Contrairement au projet civilisateur et au philhellénisme, la revendication

des années 1830 n’est pas acceptée par l’Europe. Au nom du

maintien de l’unité ottomane, on va refuser aux musulmans de l’Empire

ce qui est en train d’être accepté pour les chrétiens des Balkans : l’application

du principe des nationalités. La distinction est donc à la fois

confessionnelle et géographique et elle va durer jusqu’à la fin de

l’Empire. Si une part musulmane de l’Empire emprunte la voie du

séparatisme étatique, son sort sera de passer sous la domination

européenne directe et non d’accéder à l’indépendance complète, comme

en témoigne le sort de la Tunisie en 1881 et de l’Égypte en 1882.

En revanche, les communautés chrétiennes vont être considérées

comme des agents d’influence et des clientèles naturelles des

puissances européennes avec, de nouveau, une ambiguïté sur leur

devenir : la constitution de l’État à l’image de ce qui se fait dans les

Balkans ou leur maintien dans l’ensemble ottoman en Anatolie et dans

les provinces arabes ? Cette ambiguïté aura des conséquences particulièrement

tragiques pour les différentes communautés chrétiennes

anatoliennes qui croiront se voir promis le même avenir radieux que les

communautés balkaniques, alors que les logiques européenne et

ottomane les conduiront à l’anéantissement dans les premières

décennies du XX e siècle.

LA PROJECTION CHRÉTIENNE

C’est au moment où la révolution industrielle devient une réalité

tangible en Europe, où le débat sur la place de la religion devient

central dans cet espace, que l’Europe se projette alors résolument sous

une forme chrétienne dans l’espace ottoman. La complexité du

phénomène fait appel à plusieurs ordres de raisons.

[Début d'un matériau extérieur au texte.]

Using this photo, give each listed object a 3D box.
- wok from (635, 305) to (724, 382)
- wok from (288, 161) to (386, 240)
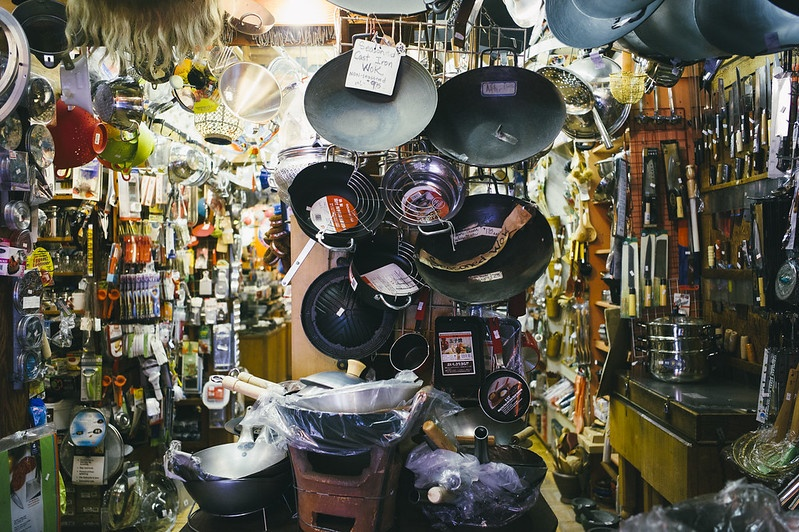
[{"bbox_3d":[1.799,0.481,4.724,0.355,0.441,0.537,-1,0,-44],"label":"wok"},{"bbox_3d":[-0.392,-0.391,3.921,0.373,0.111,0.448,-22,-23,27],"label":"wok"}]
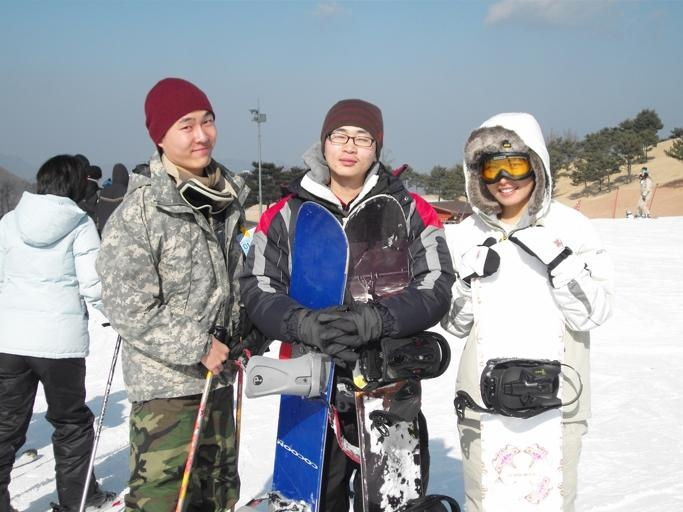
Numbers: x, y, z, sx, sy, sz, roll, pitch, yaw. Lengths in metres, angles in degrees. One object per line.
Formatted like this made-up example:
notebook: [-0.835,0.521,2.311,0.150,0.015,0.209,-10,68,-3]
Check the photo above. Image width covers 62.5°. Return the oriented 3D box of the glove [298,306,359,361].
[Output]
glove: [-0.071,0.446,3.108,0.341,0.262,0.149,0,10,5]

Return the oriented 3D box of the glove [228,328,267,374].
glove: [-0.589,0.590,3.528,0.258,0.167,0.102,-38,15,9]

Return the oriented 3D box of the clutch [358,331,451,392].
clutch: [0.347,0.610,3.231,0.570,0.309,0.144,-4,11,-16]

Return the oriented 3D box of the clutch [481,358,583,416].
clutch: [1.010,0.753,3.191,0.449,0.310,0.130,1,11,12]

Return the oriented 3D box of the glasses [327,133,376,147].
glasses: [0.053,-0.714,3.447,0.287,0.097,0.075,-1,10,0]

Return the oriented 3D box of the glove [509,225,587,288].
glove: [1.158,0.004,3.220,0.424,0.326,0.166,3,11,21]

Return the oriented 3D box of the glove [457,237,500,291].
glove: [0.792,0.033,3.269,0.247,0.226,0.082,-24,-23,32]

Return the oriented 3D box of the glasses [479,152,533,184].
glasses: [0.966,-0.532,3.340,0.238,0.137,0.188,-4,-11,14]
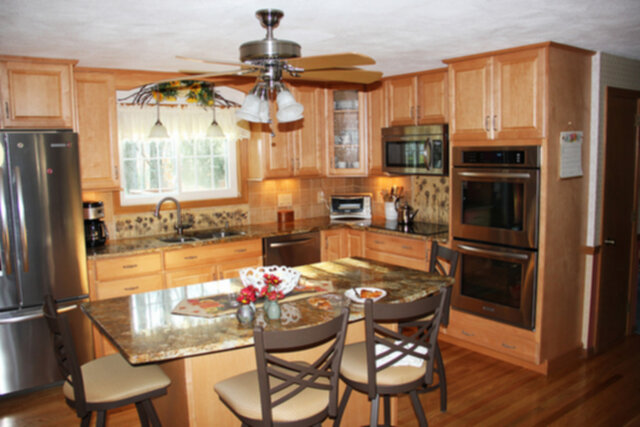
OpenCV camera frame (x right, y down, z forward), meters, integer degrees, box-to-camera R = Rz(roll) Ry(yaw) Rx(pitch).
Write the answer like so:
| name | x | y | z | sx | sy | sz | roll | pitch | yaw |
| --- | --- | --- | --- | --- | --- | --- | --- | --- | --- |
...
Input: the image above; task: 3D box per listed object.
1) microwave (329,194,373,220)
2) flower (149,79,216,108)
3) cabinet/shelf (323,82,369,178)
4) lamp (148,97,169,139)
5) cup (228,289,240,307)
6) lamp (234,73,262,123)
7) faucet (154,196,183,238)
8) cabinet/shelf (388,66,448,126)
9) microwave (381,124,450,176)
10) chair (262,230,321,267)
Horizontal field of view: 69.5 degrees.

La première est la disparition des Lumières en tant que telles. Le

libéralisme qui lui succède passe moins par un affrontement direct de

nature philosophique (écraser l’infâme) que par la réalisation, par

étapes, d’un programme concret au prix d’accommodements et

d’éventuels retours en arrière. Dans ce contexte, les Églises ne sont

plus seulement dans la défensive, comme à l’époque précédente, ou

dans la réaction religieuse, comme sous la Restauration française. Elles

entreprennent des opérations de récupération des thématiques de l’adversaire.